§ Exercise requirements
Write out exactly what each line says, starting with the first line below and ending on the one with "#20 marker (574,434,594,458)".

Saved data entries:
---
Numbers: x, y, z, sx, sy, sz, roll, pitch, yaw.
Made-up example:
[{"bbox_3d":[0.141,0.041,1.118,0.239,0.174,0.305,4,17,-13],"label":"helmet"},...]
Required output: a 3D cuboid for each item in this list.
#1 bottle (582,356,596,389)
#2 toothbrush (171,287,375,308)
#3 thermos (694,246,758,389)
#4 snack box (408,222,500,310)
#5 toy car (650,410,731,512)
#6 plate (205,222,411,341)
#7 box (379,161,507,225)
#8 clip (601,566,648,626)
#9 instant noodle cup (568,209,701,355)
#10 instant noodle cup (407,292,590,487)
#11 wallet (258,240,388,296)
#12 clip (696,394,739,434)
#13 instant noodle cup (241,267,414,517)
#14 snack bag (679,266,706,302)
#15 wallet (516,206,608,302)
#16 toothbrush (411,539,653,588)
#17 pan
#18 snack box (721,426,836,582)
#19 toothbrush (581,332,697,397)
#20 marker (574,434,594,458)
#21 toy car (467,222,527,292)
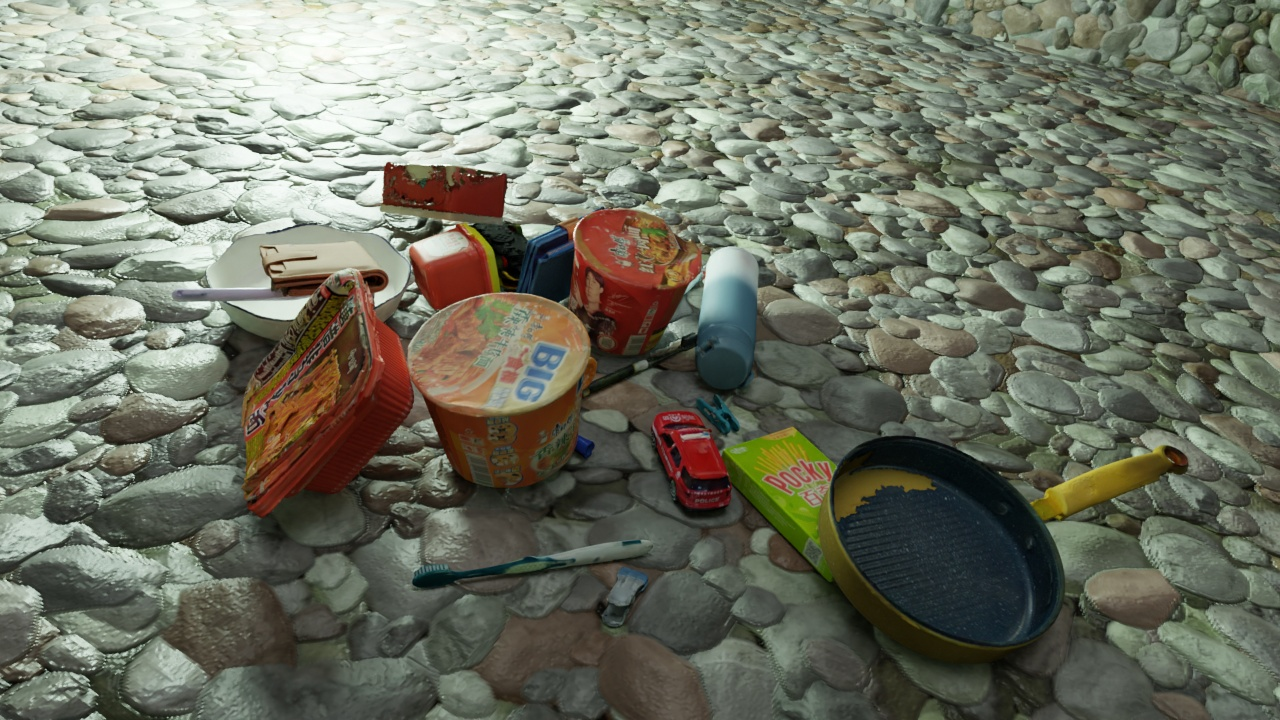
[{"bbox_3d":[-0.095,-0.007,0.909,0.108,0.063,0.063,26,38,27],"label":"bottle"},{"bbox_3d":[-0.358,-0.064,0.900,0.189,0.021,0.029,0,67,-10],"label":"toothbrush"},{"bbox_3d":[0.098,-0.049,1.014,0.070,0.070,0.219,9,35,2],"label":"thermos"},{"bbox_3d":[-0.208,-0.103,1.016,0.080,0.082,0.091,-18,34,-20],"label":"snack box"},{"bbox_3d":[0.046,0.084,0.824,0.053,0.045,0.120,-3,33,-18],"label":"toy car"},{"bbox_3d":[-0.351,-0.082,0.986,0.205,0.046,0.204,5,33,-4],"label":"plate"},{"bbox_3d":[-0.240,-0.210,1.107,0.091,0.078,0.168,-1,11,-44],"label":"box"},{"bbox_3d":[-0.012,0.176,0.699,0.024,0.028,0.056,19,26,13],"label":"clip"},{"bbox_3d":[-0.016,-0.079,0.977,0.138,0.109,0.137,11,41,-10],"label":"instant noodle cup"},{"bbox_3d":[-0.117,0.030,0.792,0.151,0.112,0.151,0,43,0],"label":"instant noodle cup"},{"bbox_3d":[-0.318,-0.093,0.914,0.107,0.031,0.132,-6,21,-25],"label":"wallet"},{"bbox_3d":[0.077,0.053,0.903,0.041,0.014,0.056,-10,36,-24],"label":"clip"},{"bbox_3d":[-0.257,0.030,0.760,0.079,0.165,0.188,34,17,-37],"label":"instant noodle cup"},{"bbox_3d":[0.049,-0.096,1.104,0.045,0.026,0.105,32,41,17],"label":"snack bag"},{"bbox_3d":[-0.085,-0.109,1.025,0.040,0.107,0.132,36,42,18],"label":"wallet"},{"bbox_3d":[-0.081,0.156,0.718,0.191,0.016,0.018,-5,26,-18],"label":"toothbrush"},{"bbox_3d":[0.314,0.127,0.759,0.356,0.078,0.197,-7,50,-26],"label":"pan"},{"bbox_3d":[0.148,0.121,0.806,0.085,0.026,0.156,-13,39,-30],"label":"snack box"},{"bbox_3d":[-0.006,0.006,0.951,0.185,0.017,0.012,-24,48,-38],"label":"toothbrush"},{"bbox_3d":[-0.104,0.052,0.865,0.146,0.017,0.016,27,39,26],"label":"marker"},{"bbox_3d":[-0.159,-0.127,1.093,0.071,0.041,0.156,-11,34,-26],"label":"toy car"}]
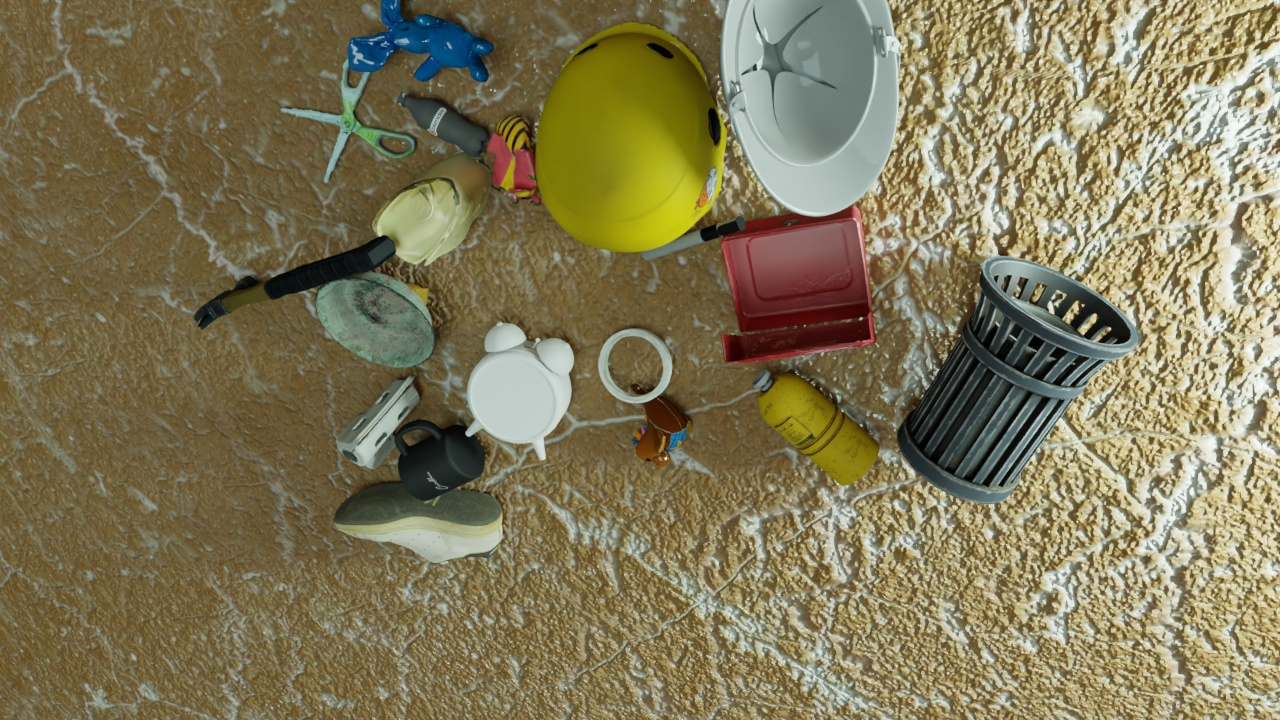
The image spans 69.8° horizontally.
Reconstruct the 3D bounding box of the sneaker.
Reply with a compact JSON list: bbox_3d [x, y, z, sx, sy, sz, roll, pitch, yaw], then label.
[{"bbox_3d":[-0.310,0.240,1.306,0.242,0.088,0.102,2,125,8],"label":"sneaker"}]

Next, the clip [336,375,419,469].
[{"bbox_3d":[-0.351,0.088,1.218,0.072,0.124,0.143,40,143,-5],"label":"clip"}]

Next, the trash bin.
[{"bbox_3d":[0.388,0.029,0.985,0.164,0.163,0.228,22,123,2],"label":"trash bin"}]

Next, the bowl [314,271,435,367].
[{"bbox_3d":[-0.327,-0.057,1.157,0.157,0.038,0.158,10,139,9],"label":"bowl"}]

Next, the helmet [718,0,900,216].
[{"bbox_3d":[0.147,-0.285,0.910,0.183,0.117,0.271,-23,119,-10],"label":"helmet"}]

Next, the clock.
[{"bbox_3d":[-0.151,0.035,1.172,0.125,0.072,0.161,18,112,4],"label":"clock"}]

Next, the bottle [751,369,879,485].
[{"bbox_3d":[0.202,0.073,1.098,0.164,0.070,0.071,40,118,-8],"label":"bottle"}]

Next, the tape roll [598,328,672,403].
[{"bbox_3d":[-0.007,0.007,1.132,0.093,0.013,0.093,4,101,19],"label":"tape roll"}]

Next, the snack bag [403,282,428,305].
[{"bbox_3d":[-0.319,-0.089,1.170,0.099,0.020,0.026,11,117,7],"label":"snack bag"}]

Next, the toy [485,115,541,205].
[{"bbox_3d":[-0.142,-0.224,1.040,0.084,0.046,0.103,23,126,49],"label":"toy"}]

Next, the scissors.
[{"bbox_3d":[-0.344,-0.284,1.083,0.171,0.022,0.174,14,124,3],"label":"scissors"}]

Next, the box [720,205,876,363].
[{"bbox_3d":[0.170,-0.084,1.005,0.157,0.153,0.168,-8,84,15],"label":"box"}]

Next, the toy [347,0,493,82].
[{"bbox_3d":[-0.229,-0.350,0.989,0.176,0.070,0.113,19,117,15],"label":"toy"}]

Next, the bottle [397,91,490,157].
[{"bbox_3d":[-0.225,-0.272,1.044,0.110,0.036,0.036,30,119,-3],"label":"bottle"}]

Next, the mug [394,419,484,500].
[{"bbox_3d":[-0.278,0.126,1.232,0.088,0.078,0.113,-26,121,24],"label":"mug"}]

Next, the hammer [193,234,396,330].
[{"bbox_3d":[-0.415,-0.092,1.085,0.334,0.117,0.025,-10,118,36],"label":"hammer"}]

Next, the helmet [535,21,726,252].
[{"bbox_3d":[-0.021,-0.221,0.963,0.209,0.139,0.240,3,117,12],"label":"helmet"}]

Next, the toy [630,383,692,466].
[{"bbox_3d":[0.011,0.083,1.172,0.103,0.070,0.090,48,133,13],"label":"toy"}]

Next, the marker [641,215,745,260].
[{"bbox_3d":[0.057,-0.136,1.031,0.141,0.016,0.016,-13,114,41],"label":"marker"}]

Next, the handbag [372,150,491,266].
[{"bbox_3d":[-0.231,-0.176,1.048,0.081,0.119,0.111,43,118,-8],"label":"handbag"}]
---
§ Result
Numbers: x, y, z, sx, sy, sz, roll, pitch, yaw.
Made-up example:
[{"bbox_3d":[0.141,0.041,1.118,0.239,0.174,0.305,4,17,-13],"label":"helmet"},...]
Required output: a 3D cuboid for each item in this list.
#1 bottle (582,356,596,389)
#2 toothbrush (171,287,375,308)
#3 thermos (694,246,758,389)
#4 snack box (408,222,500,310)
#5 toy car (650,410,731,512)
#6 plate (205,222,411,341)
#7 box (379,161,507,225)
#8 clip (601,566,648,626)
#9 instant noodle cup (568,209,701,355)
#10 instant noodle cup (407,292,590,487)
#11 wallet (258,240,388,296)
#12 clip (696,394,739,434)
#13 instant noodle cup (241,267,414,517)
#14 snack bag (679,266,706,302)
#15 wallet (516,206,608,302)
#16 toothbrush (411,539,653,588)
#17 pan
#18 snack box (721,426,836,582)
#19 toothbrush (581,332,697,397)
#20 marker (574,434,594,458)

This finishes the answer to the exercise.